According to Gate market data, as of July 21, 2025, the trading price of Ethereum (ETH) hovers around $3,800, with a rise of over 12% in the past week, soaring from $2,600 to a high of $3,824 within seven days, marking the highest level since January. Behind this sharp rise is a significant influx of institutional funds and the continued warming of ETF expectations, but analysts also warn that the risk of a short-term technical adjustment is increasing.
The Core Drivers of ETH’s Rise
- Technological Upgrades and Ecological Expansion: The PoS mechanism of Ethereum 2.0 reduces network energy consumption by 99%, attracting a large influx of environmentally-friendly institutional funds. Sharding and Layer 2 expansion solutions increase transaction speeds to over 100,000 transactions per second, significantly lowering Gas fees and promoting the popularity of DeFi and NFT applications. The upcoming Pectra upgrade will further optimize network congestion issues and lay the groundwork for future sharding. The total value locked (TVL) in Ethereum DeFi has surpassed 77 billion USD, showing rapid growth this year.
- Institutional Funds and ETF Effects: The proportion of institutional holdings in ETH is rapidly increasing. BlackRock recently increased its ETH holdings by 547 million USD in a single day, surpassing its Bitcoin holdings (497 million USD) for the first time. Over the past two weeks, the Ethereum spot ETF has seen net inflows of over 1.3 billion USD, including BlackRock’s iShares. Ethereum Trust occupies a share of $2.6 billion. If Nasdaq approves the ETF staking proposal, institutions can obtain additional returns by holding ETH, further reducing market circulation.
- Macroeconomic and regulatory benefits: The expectation of interest rate cuts by the Federal Reserve is rising, driving funds towards yield-generating assets like DeFi. The recently passed "GENIUS Act" in the U.S. provides a compliance framework for stablecoins and on-chain financial activities, and Ethereum, as the main underlying facility, will directly benefit.
Potential Risks and Market Challenges
- Short-term Technical Correction Pressure: Analyst Michaël van de Poppe pointed out that after ETH broke through the resistance of $2,800, it has shown a "vertical rise," with the RSI indicator entering the overbought zone, accumulating a 12% correction risk (target $3,150–3,200). Historical data shows that corrections often occur from Friday to Saturday, necessitating caution regarding position liquidation pressure.
- Competing Public Chains and Network Bottlenecks: Public chains like Solana and Avalanche continue to siphon off developers and users with lower fees and faster transaction speeds.

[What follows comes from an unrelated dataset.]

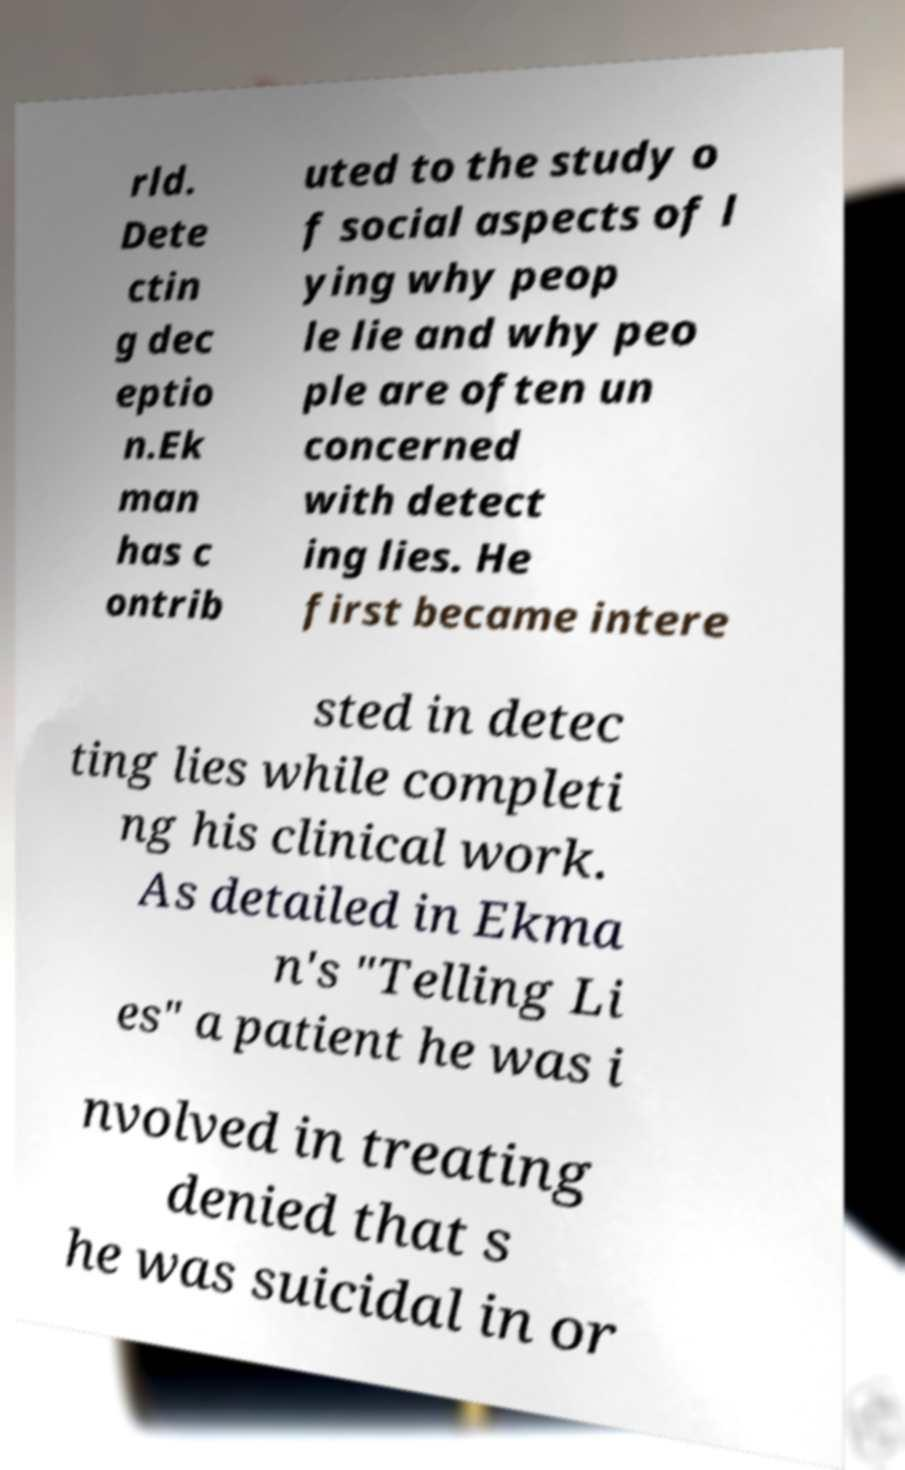Can you read and provide the text displayed in the image?This photo seems to have some interesting text. Can you extract and type it out for me? rld. Dete ctin g dec eptio n.Ek man has c ontrib uted to the study o f social aspects of l ying why peop le lie and why peo ple are often un concerned with detect ing lies. He first became intere sted in detec ting lies while completi ng his clinical work. As detailed in Ekma n's "Telling Li es" a patient he was i nvolved in treating denied that s he was suicidal in or

Although Layer 2 solutions alleviate congestion, fluctuations in mainnet Gas fees may still suppress retail participation, especially during periods of explosive ecological applications.
- Macroeconomic Uncertainty and Regulatory Variables: Global inflation and geopolitical conflicts may trigger risk-averse sentiments, suppressing risk assets like ETH. Although U.S. policies are easing, there are still uncertainties regarding regulatory details in other countries concerning staking and DeFi protocols.
2025 Price Predictions: Consensus Amid Disagreement
Different institutions have significant disagreements on the year-end target for ETH, but breaking through $10,000 has become a key consensus point:
- Optimistic scenario: Standard Chartered predicts up to $14,000; an anonymous analyst suggests that if the "impulse breakout" pattern holds, it could reach $15,937 by May 2025;
- Neutral scenario: Michael van de Poppe predicts $10,000 (a 175% increase), while CoinMarketCap sets a target of $26,200;
- Conservative scenario: Technical analyst Ali Martinez determines $6,000 as a key resistance based on a channel model, and if regulation or upgrades are delayed, it may linger around $7,000–$7,500 by the end of the year.
Breaking through $4,000 is a key signal to confirm a new round of bull market, with subsequent targets at $4,525 → $5,095 → $6,190.
Investor Operation Strategy Recommendations
- Short-term (Q3–Q4 2025): Focus on the support range of $3,200–$3,300; if a pullback occurs to this level, consider accumulating in batches; closely monitor the progress of the Pectra upgrade and the results of ETF staking approval; set a stop-loss below $3,000.
- Long-term (2026+): Hold until the ecosystem explosion period (e.g., DeFi users exceeding 100 million, large-scale commercial use of NFTs); allocate Layer 2 ecosystem tokens (e.g., Optimism, Arbitrum) to hedge against volatility.
Conclusion
Whether Ethereum can break through 10,000 USD in 2025 depends on the effectiveness of technology upgrades, the sustainability of institutional funding, and the resonance of the regulatory environment. Although there is short-term pressure for a pullback, ETH’s dual value as a smart contract platform and DeFi infrastructure is being repriced by traditional finance.
As Ari10 CEO Mateusz Kara stated: "Ethereum is no longer just a speculative asset, but a compliant platform embedded in financial infrastructure." Driven by the triple forces of capital, technology, and policy, the narrative of ETH’s rise is far from over.